Video doesn't offer much.....lets try this.

You should not be able to feel any loosness, whatsoever, at the top and bottom of the link......the rotation is normal, there are little ball ends at the ends.
But if you can push up/pull down the sway bar at those joints and there is any loosness felt, that link is your noisemaker.

When you were pounding a bit on the bar, I could hear the sound of free play.....if thats the side you're hearing the rackett from, thats the troublemaker.

These links are covered under base and extended warranty FYI, and it seems some of the terrible potholes out there are shortening their lifespan.

Anyways, as I said in the beginning, the sound I hear is a failed end on one of the links.......but it could be both and I'm just hearing the loosest one......
Standard replacement, comparatively inexpensive if on your dime, no alignment required, takes about fifteen minutes a side in real time.

Rob


----------



## XtremeAaron (Jan 22, 2012)

Looking at my service records I was in at 20,895 and had both sides replaced. I have 51K now. 
If you feel these are the culprit (I did too before posting) ill call a dealer tomorrow and try to pick them up(both) and just do them in the driveway. All I need are the torque specs.
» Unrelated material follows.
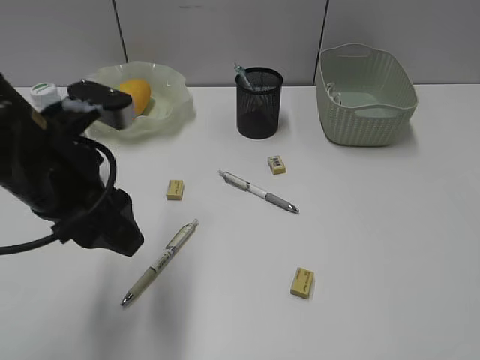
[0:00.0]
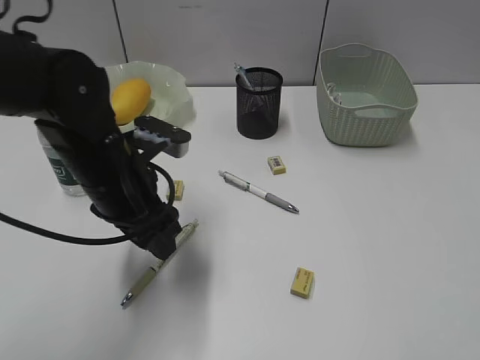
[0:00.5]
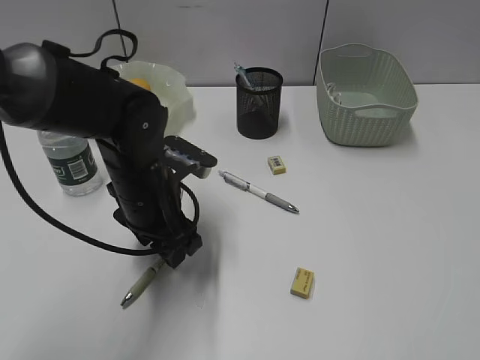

Edit: Assuming these are correct. I wonder how much markup the dealers has vs the MSRP(if any?).


----------



## Robby (Mar 1, 2013)

Torque not critical.....good and tight, not crazy tight.

Rob

Addentum: Memory says there is a hole in the threaded part of the stud for a allen wrench to hold it from spinning during removal/install......you'll see it on the new part....be aware in case you need to add a tool to your warchest.

Good Luck!
R


----------



## Robby (Mar 1, 2013)

MSRP is manufacturers suggested retail price.....key word is suggested......the dealer can charge whatever they want to.

Many dealers operate at MSRP, some use a escalator applied to parts under 100.00....often marking up to double cost.

This is available at most auto parts stores as well.

Rob


----------



## XtremeAaron (Jan 22, 2012)

Thanks Robby! Ill update this thread.


----------



## LizzieCruze (Feb 17, 2014)

Congrats on your wedding!


----------



## Rockhead (Jul 10, 2014)

I had the same knock/clunk. Did the sway bar end links last weekend. Problem solved. In all it took me about 45 minutes to an hour. You will have to put the front end in the air to relax the sway bar.


----------



## XtremeAaron (Jan 22, 2012)

LizzieCruze said:


> Congrats on your wedding!


Thanks! I honestly cant wait for it to be over!



Rockhead said:


> I had the same knock/clunk. Did the sway bar end links last weekend. Problem solved. In all it took me about 45 minutes to an hour. You will have to put the front end in the air to relax the sway bar.


Thanks for the tip. Where did you jack up the car so both wheels come off in one shot? I only have 1 floor jack and 2 jackstands. The truck was easy, but this car makes me nervous(jack points, or lack thereof).


----------



## Rockhead (Jul 10, 2014)

XtremeAaron said:


> Thanks! I honestly cant wait for it to be over!
> 
> 
> Thanks for the tip. Where did you jack up the car so both wheels come off in one shot? I only have 1 floor jack and 2 jackstands. The truck was easy, but this car makes me nervous(jack points, or lack thereof).


 There are 2 lifting points behind the tires. You'll see a seam under the car where the body panels join the uni-body. There is a small notch in the steel; lift the car from that point. With 2 jack stands and a floor jack you should be good; that's all I own and lifted the car with no problem.

Check page 10-76 of the link: https://www.chevrolet.com/content/d...als_and_Videos/02_pdf/2k14cruze 2nd print.pdf


----------



## XtremeAaron (Jan 22, 2012)

Got it knocked out today after work. Dealer only had 2 new nuts so one the ones I reused I put a bit of heavy duty red locktite. Thank you.


----------